SELF HELP OR SELF DESTRUCTION? EXPLORING THE WORLD OF SELF HELP LITERATURE
I love a good read, especially one that is filled with insightful wisdom about life experiences and how to navigate the world’s fair share of challenges. There’s just something about knowing that your problems aren’t unique and you aren’t the only person on earth doomed with their peculiar set of circumstances. I repeat, I love a good read. There’s just something about holding that fresh book in your hands that brings an exhilarating rush of adrenaline. Combine that with the potency of a catchy title that seems to match your current dilemma and bingo; self-help junkie alert!
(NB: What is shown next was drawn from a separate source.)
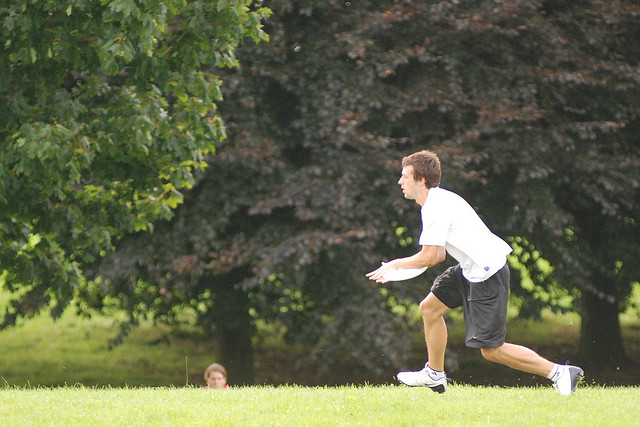Describe the setting of this image. The setting of the image is a tranquil park or recreational area, with well-maintained grass, trees providing abundant foliage, and a serene atmosphere. It seems to be a pleasant day with ample sunlight, likely conducive to outdoor activities and relaxation. 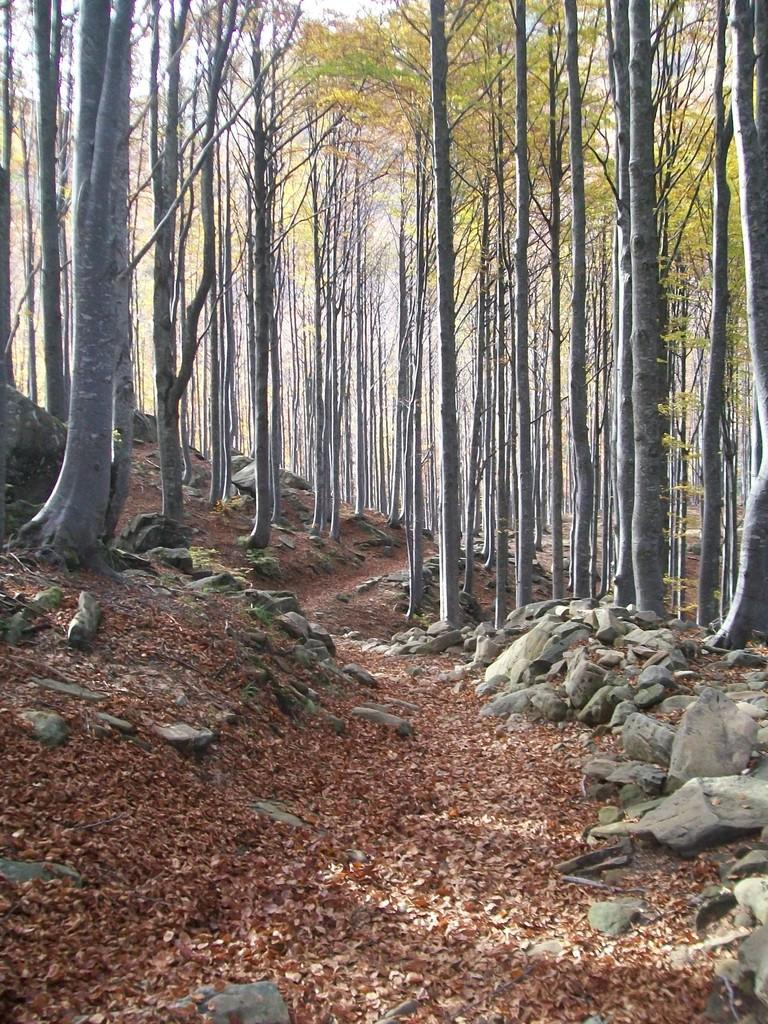What can be seen in the sky in the image? The sky is visible in the image. What type of vegetation is present in the image? There are trees in the image. What type of natural formations can be seen in the image? Rocks and stones are visible in the image. What is on the ground in the image? Shredded leaves are on the ground in the image. Can you tell me how many knees are visible in the image? There are no knees present in the image. What type of shock can be seen in the image? There is no shock present in the image.

I love self-help books. I think some books offer really fresh perspectives and can help you view things in a much broader lens, when read objectively. That is, when you’re in a fresh and objective frame of mind, or just reading for sheer entertainment. But that’s the catch. It took me some time to fully analyze the psychology behind the world of self-help literature and it helped me understand some of my own motivations for being drawn towards self-help.
They call it “self-help” for a reason. The aim of such literature is to offer a fast and easily accessible solution that one can refer to when faced with a particular glitch. Self-help books can range in all fields be it business, relationships, socio-politics, etiquette, you name it. However, whatever the specific niche may be, the common denominator is that they are aimed at offering help, that one can readily apply to the “self”.
While most self-help books have become extremely popular and trendy to the point some have even turned into blockbuster movies, one must constantly remind themselves to always enjoy their read with a grain of salt. In the back of their minds, one must always remember that at the end of the day, no matter how awesome the book may be, they are still nevertheless the opinions of the author, shaped by the author’s own set of unique experiences. While this may be a good thing, as experience tends to be the best teacher, it also has its drawbacks. People’s experiences change people, especially negative experiences; some experiences make one better, other experiences make one bitter.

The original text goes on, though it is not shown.